Firstfruits begins a countdown of seven weeks, culminating in the "Feast of Weeks" (Shavuoth), when the wheat crop would be ready, and, by tradition, when the ten commandments were given. Shavuoth is known in Greek as Pentecost, when Messiah Yahshua's disciples were endowed with great fruitfulness, also after a period of waiting.

So He kept every one of the first set of appointments on its very day. But He has not yet fulfilled the latter set of feasts that come after a long gap:


FALL FESTIVALS:

1st day of the 7th month (Ethanim): Yom T’ruah
(Feast of a Shout or Trumpet Blast)
10th of Ethanim: Yom Kippur (Day of Atonement)
15th-21st of Ethanim: Sukkoth (Feast of Booths or Tabernacles)

Yom Truah -- the Day of Trumpets

Jewish scholars have long associated the Feast of Trumpets with the resurrection of the dead. So there is another "season of fulfillment" that will occur upon His second coming. The Day of Atonement foreshadows "judgment day".

Sukkoth (the Feast of Temporary Shelters)
is a forestaste of the Messianic Kingdom. It was one of the three pilgrimage festivals when every able-bodied male was required to come to Jerusalem. The city was not very big (just over a square mile), so many people would spill over into the suburbs, including Bethlehem, only five miles away. This explains why there was no room in the inn when Y'shua was born, because many details of Sukkoth point to it as being the real time He was born. Joseph would combine the trip to Bethlehem for the census with his necessary journey for the festival.

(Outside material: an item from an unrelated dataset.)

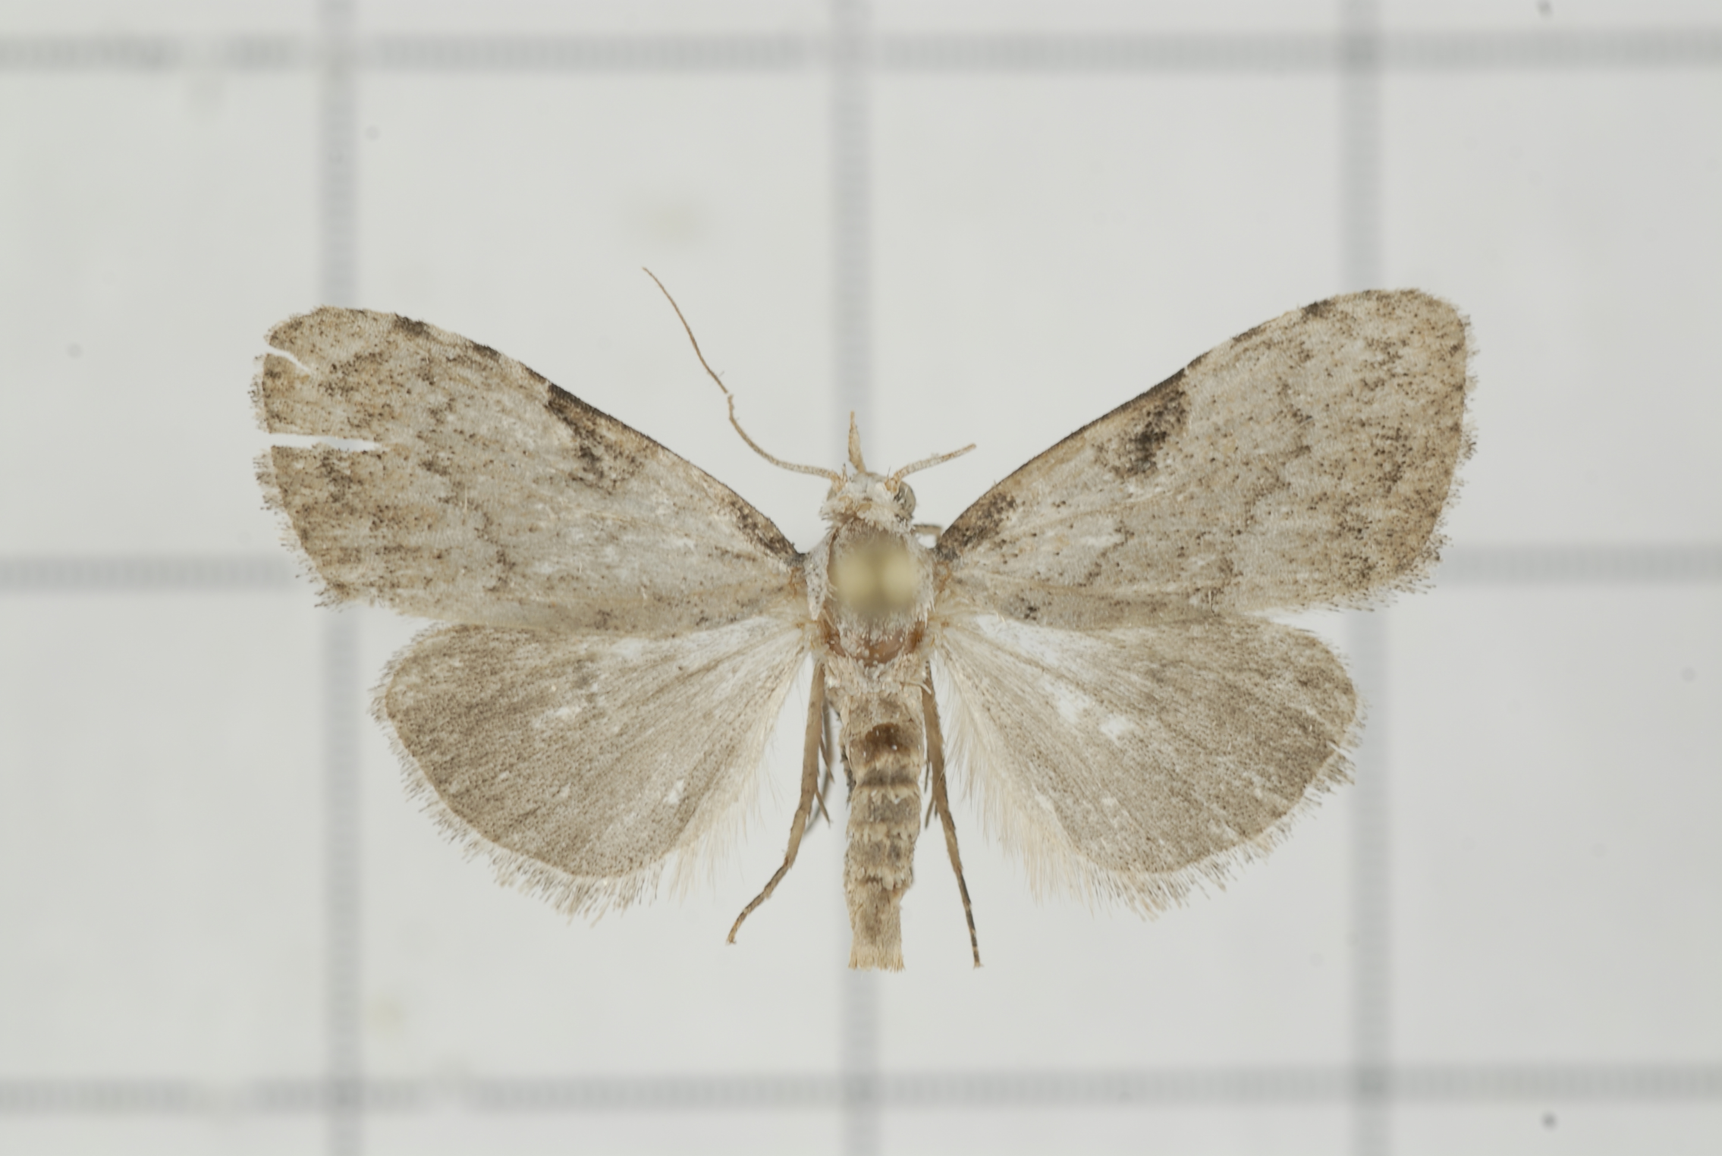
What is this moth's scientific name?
Meganola major takasago

A sukkah (singular) is traditionally to have gaps in the roof big enough to see stars through--foreshadowing the "star of Bethlehem". Shepherds would not have sheep out in their fields during December, but would still have them there during Sukkoth, just after the harvest. The angel told them he had good news of great joy. Sukkoth is nicknamed "the season of joy", and emphasizes the cleansing of all nations from their sins.

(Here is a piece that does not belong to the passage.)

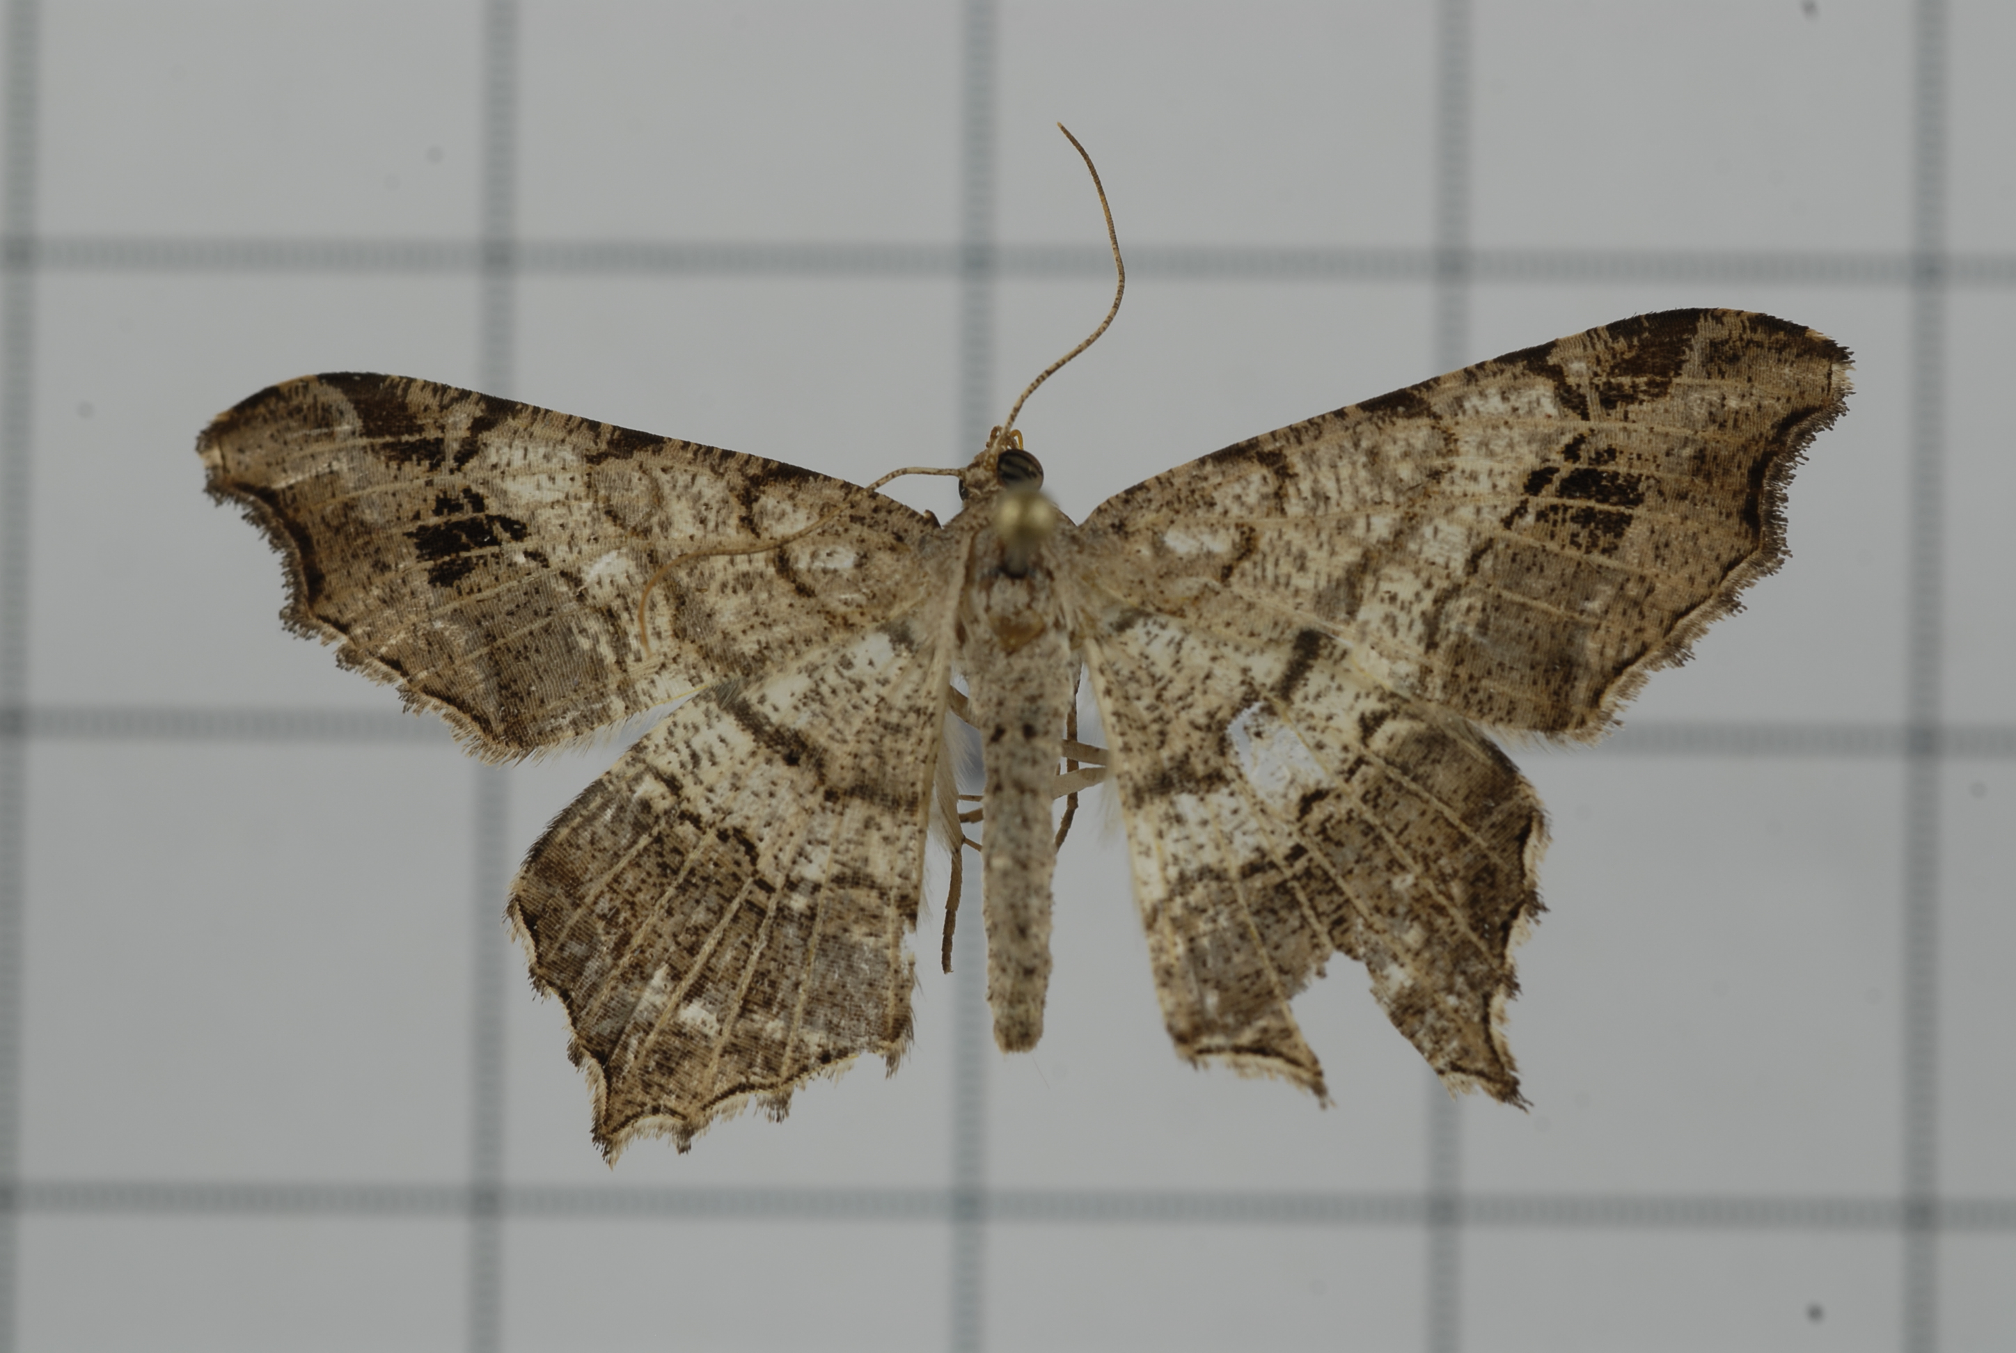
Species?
Chiasmia emersaria

Simkhat Torah, the Last Day of Sukkoth

It was on the final day of Sukkoth, during a special ceremony in which water and wine were poured over the Temple altar, that Yahshua offered living water to any who were thirsty. (John 7) There were four great lights in the Temple used only on this occasion. They were called "the Light of the World"--a title Yahshua specifically applied to himself.

So it is obvious that everything He said and did was set by this calendar. If we return to the feasts Yahweh prescribed, not only do we lose nothing of any value that was in the other holidays which are mostly pagan; instead, we learn much more than ever about Yahshua. These feasts make more sense out of so much of what he said. In His mercy Yahweh is restoring them in these last days so we can prepare for the Kingdom, when Zechariah 14 says all nations will be required to come to
Jerusalem for Sukkoth--or they won't get any rain that year!

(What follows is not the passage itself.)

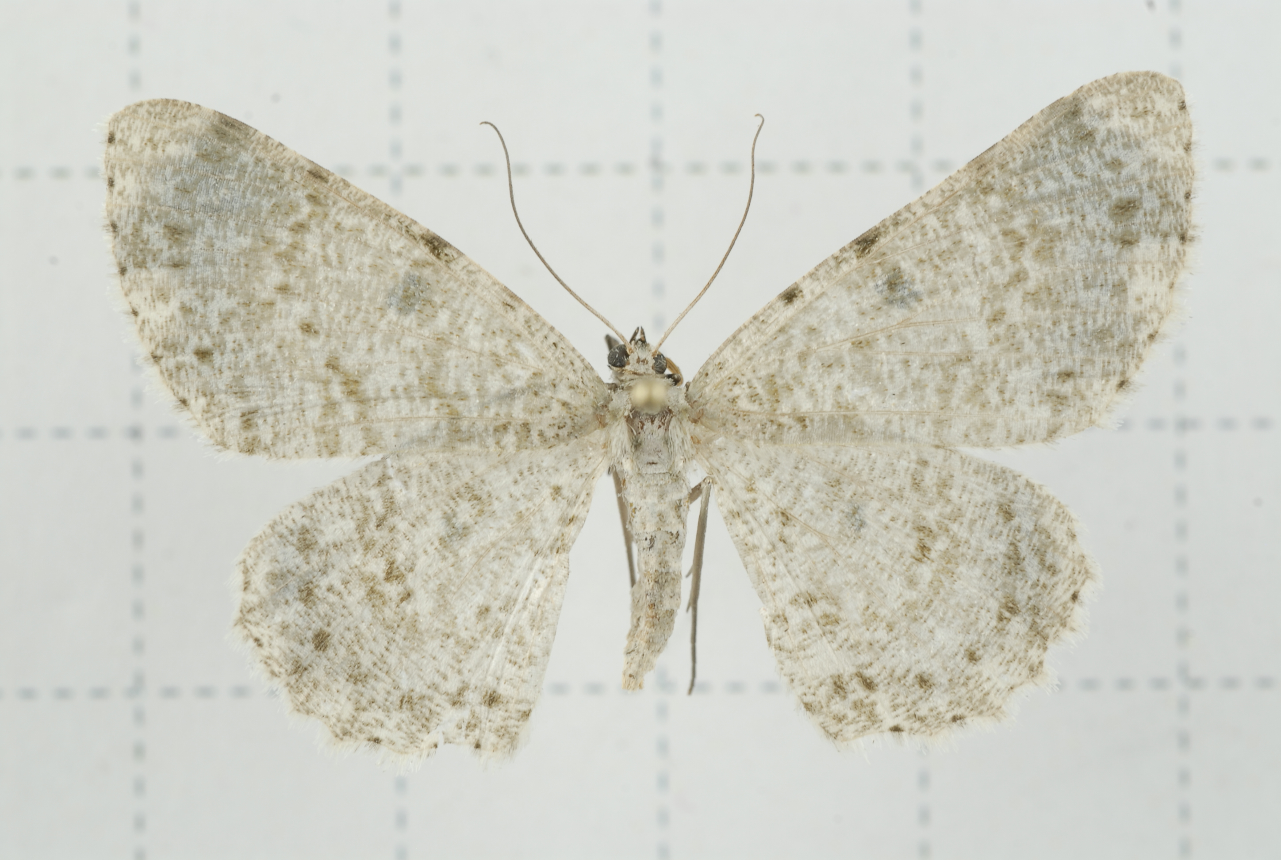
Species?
Catoria sublavaria

Hanukkah, the Feast of Dedication

With one light added to our menorah (candelabrum) each of the eight nights, we remember the time when pagans sacrificed a pig on the holy altar, and the Jews fought for three years to get the Temple back and dedicated the new altar on this date. You can read about it all in the Book of Maccabees, which is not part of the Bible, but is true history.

On Purim, we dress up
like characters in the book of Esther.


It's a day of a lot of fun, but it recalls a time when the existence of all the Jewish people was threatened, and Yahweh saved the day through Queen Esther and her Uncle Mordechai.


You don't have to be Jewish to celebrate these last two feasts. They recount things that Yahweh, the Elohim of all Israel, did to preserve His people and their ability to obey Him, and teach us how to be more dedicated to Him.